Les boules Kegels sont des appareils uniques que vous portez à l’intérieur de votre canal vaginal. Parfois appelés exercices de Kegel, ces appareils principalement ronds ou circulaires aident à tonifier les muscles de votre plancher pelvien. Semblable à l’insertion d’un tampon, vous positionnez les boules de Kegel à l’intérieur de votre région vaginale. La masse musculaire de votre plancher pelvien maintient la balle de Kegel en position pendant que vous accomplissez vos tâches quotidiennes. Vous commencez par mettre une balle de Kegel quelques minutes par jour, puis vous augmentez progressivement la durée.

Combien de temps faut-il pour découvrir les ajustements ?
Vous pouvez vous attendre à voir des résultats après six à huit semaines. Le temps nécessaire pour observer les ajustements dépend de la régularité avec laquelle vous faites les exercices de Kegel et de la faiblesse de vos muscles.

Les hommes peuvent-ils faire des entraînements de Kegel ?
Les hommes ou les individus AMAB ayant des problèmes de santé et de santé sexuelle spécifiques peuvent également bénéficier des entraînements de Kegel. Les exercices de Kegel pour hommes ou particuliers AMAB peuvent :.

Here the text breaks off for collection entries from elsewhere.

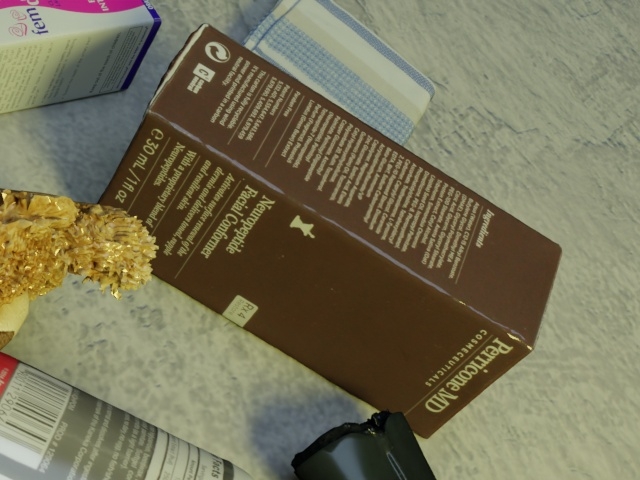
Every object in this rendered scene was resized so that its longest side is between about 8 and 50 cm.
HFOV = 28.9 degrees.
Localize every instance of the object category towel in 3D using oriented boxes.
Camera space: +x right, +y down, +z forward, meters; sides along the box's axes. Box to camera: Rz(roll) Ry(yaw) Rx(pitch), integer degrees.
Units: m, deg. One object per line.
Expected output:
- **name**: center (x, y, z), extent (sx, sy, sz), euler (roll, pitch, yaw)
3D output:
- **towel**: center (-0.006, -0.145, 1.323), extent (0.209, 0.034, 0.285), euler (37, 49, -5)

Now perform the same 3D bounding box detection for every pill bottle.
- **pill bottle**: center (-0.150, 0.213, 0.876), extent (0.319, 0.176, 0.176), euler (28, 48, -10)

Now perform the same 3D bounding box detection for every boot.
- **boot**: center (0.034, 0.261, 1.004), extent (0.246, 0.094, 0.207), euler (-25, 76, -47)

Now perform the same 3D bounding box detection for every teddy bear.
- **teddy bear**: center (-0.251, 0.017, 0.888), extent (0.245, 0.338, 0.113), euler (5, 90, -31)

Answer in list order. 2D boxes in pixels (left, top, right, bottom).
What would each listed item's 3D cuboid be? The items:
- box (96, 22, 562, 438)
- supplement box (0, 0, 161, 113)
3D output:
- **box**: center (0.000, 0.000, 1.114), extent (0.381, 0.191, 0.143), euler (30, 48, -7)
- **supplement box**: center (-0.277, -0.195, 1.144), extent (0.220, 0.114, 0.111), euler (-19, 70, -37)

  • Aide à améliorer l'incontinence urinaire (selon la cause).
  • Aide à gérer la douleur et l'enflure de la prostate qui surviennent avec la prostatite et l'hyperplasie bénigne de la prostate (HBP).
  • Augmentez la satisfaction liée au sexe en facilitant les érections et l'éjaculation.
  • Une note de la Cleveland Clinic.

Les exercices de Kegel sont utiles pour renforcer les muscles du plancher pelvien. Il existe de nombreuses raisons pour lesquelles votre plancher pelvien devient faible. Des signes tels qu'une fuite d'urine ou de caca, ou le fait de ressentir réellement le besoin d'uriner alors que vous n'êtes pas obligé de le faire sont des indications d'un plancher pelvien faible. Travaillez progressivement pour faire des exercices de Kegel plusieurs fois par jour. Si vous êtes perplexe concernant les exercices de Kegel ou si vous ne savez pas si vous les faites correctement, n'hésitez pas à appeler un médecin pour obtenir de l'aide.